Dari dia aku belajar tentang sebuah perjuangan mempertahankan cita. Belajar tentang perjuangan menuju sebuah temu. Yang diridhoi tuhannya dan direstui orang tuanya. Belajar tentang besabar menahan sebuah rindu pada sebuah pertemuan yang halal dan menjaga kejernihan hati selama itu.

            Perbedaan level latar belakang pendidikan yang membuat beberapa dari pihak keluarganya menentang. “Ah! Percuma kamu sekolah tinggi-tinggi jika pada akhirnya menikah dengan seorang laki-laki yang hanya lulusan SMA!” Begitulah kira-kira bantahan dalam bentakan yang diucapkan keluarganya yang lain. Bukan ibu atau bapaknya.

            Padahal, dari cerita dia, aku tahu bahwa laki-laki yang meminta dia adalah laki-laki yang baik. Selalu berusaha menjalankan perintah tuhannya dan terus berusaha menambah pemahaman dia tentang agama tuhannya. Lalu, hanya karena level pendidikan si pria lebih rendah dari si wanita, kerabatnya menentang niat mereka.

            Ah! Pertemuan menuju sebuah kebaikan emang selalu penuh aral merlintang, ya.

            Aku pun merasakan hal yang sama. Bedanya, orang tuaku setuju sementara aku, pada awalnya enggan karena yang datang bukan seseorang yang aku pernah menaruh hati padanya Ah! Permasalahan yang lebih sepele lagi, kan? Ya, menurut sebagian besar orang, tapi bagiku itu sesuatu yang penting.

            Aku kesal, aku marah, aku sakit hati hingga sampai menangis ketika mendengar kabar yang tiba-tiba itu. Hatiku berteriak meronta, “Kenapa bukan dia yang itu? Kenapa dia yang ini?! Aku tak kenal siapa dia!”

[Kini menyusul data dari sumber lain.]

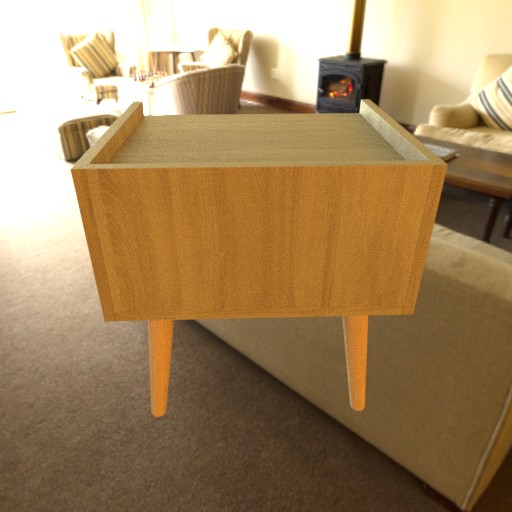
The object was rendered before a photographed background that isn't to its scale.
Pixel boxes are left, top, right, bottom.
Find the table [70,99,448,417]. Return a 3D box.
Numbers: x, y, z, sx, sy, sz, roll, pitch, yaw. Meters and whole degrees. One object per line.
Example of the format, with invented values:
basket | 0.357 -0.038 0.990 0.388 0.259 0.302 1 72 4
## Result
table | 0.000 0.000 0.807 0.450 0.470 0.370 -1 31 -2
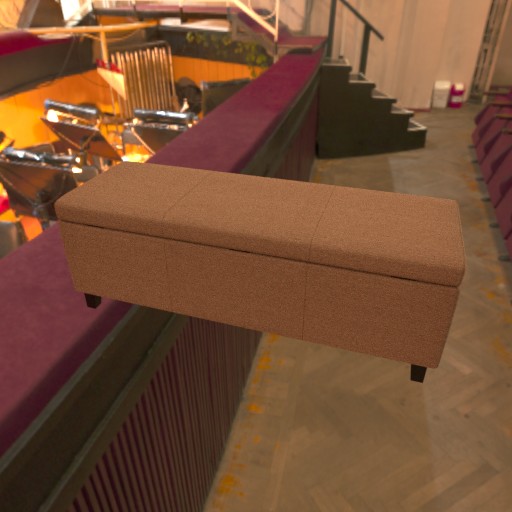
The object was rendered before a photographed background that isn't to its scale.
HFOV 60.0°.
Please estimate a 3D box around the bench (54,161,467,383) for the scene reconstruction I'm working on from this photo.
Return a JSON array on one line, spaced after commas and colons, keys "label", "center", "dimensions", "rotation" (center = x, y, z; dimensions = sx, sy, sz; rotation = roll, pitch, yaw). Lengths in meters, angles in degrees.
[{"label": "bench", "center": [0.000, 0.000, 1.542], "dimensions": [1.269, 0.438, 0.446], "rotation": [10, 33, 15]}]
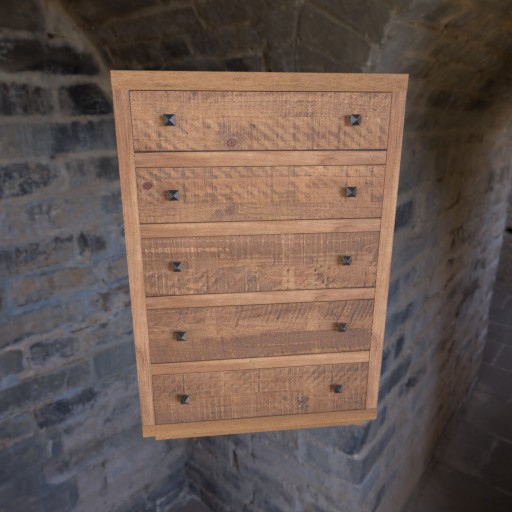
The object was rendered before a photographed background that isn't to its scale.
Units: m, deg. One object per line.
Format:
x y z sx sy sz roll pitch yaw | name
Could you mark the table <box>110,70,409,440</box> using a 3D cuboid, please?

            Ah! Berat! Sejak saat itu pertarungan antara hati dan logika ku dimulai. Ditambah lagi oleh desakan orang tua yang sangat berharap aku tidak menolaknya. Siang malam aku uring-uringan. Hatiku meragu dan bertanya, “Bagaimana kalau seandainya nanti aku tidak bisa mencintai dia? Akankah aku bisa menjadi wanita yang baik untuk dia? Oh, tuhan!”

            Seringkali jeritan itu bertalu dihati dan benakku. Beradu argumen antara mereka. Sementara logika ku berkata, “Kamu, bukannya sebelumnya kamu meminta pada tuhan untuk memilihkan seorang laki-laki yang baik menurut Dia? Kamu sendiri yang menyerahkan semua keputusan pada Dia. Lalu, sekrang, saat Dia sudah mengirimkan padamu sosok itu, kenapa menangis? Kamu tahukan, tuhanmu, Allah, lebih mengetahui yang terbaik untuk kamu!”

            Hatiku mereda sejenak. Mengalah pada logisnya argumen logika. Lalu mencoba mengayunkan langkah pada satu tahapan pertama. Tapi setelah itu, batinku meronta lagi, meragu lagi, kesal dan marah lagi. Lalu lagi-lagi pada akhirnya mengalah pada logika yang meyakini kebaikan Sang Pemilik takdir dan Penggenggam hati. Kemudian, terulang lagi, berteriak lagi. Kali ini lebih keras hingga dia membisikkan kata tolak, tapi logika ketuhananku mengalahkan ego yang dipenuhi nafsu.

            Langkahku kini sudah jauh. Meski kadang keraguan itu sesekali masih datang menghampiri. Tapi, ya sudahlah. Langkahku sampai sejauh ini juga karena Dia yang meridhoi. Karena takdir dan kehendak Dia. Dan aku masih yakin, bahwa Allah tidak akan menyianyiakan hambanya yang selalu berusaha mengingat dia di setiap akhtivitas dan helaan nafasnya.



            Allah. Jika memang ini kehendakMu dan dia adalah sosok terbaik untukku menurut Engkau, maka buatlah hati ini condong padanya. Bantu aku nanti menjadi istri yang baik dan berbakti pada suamiku.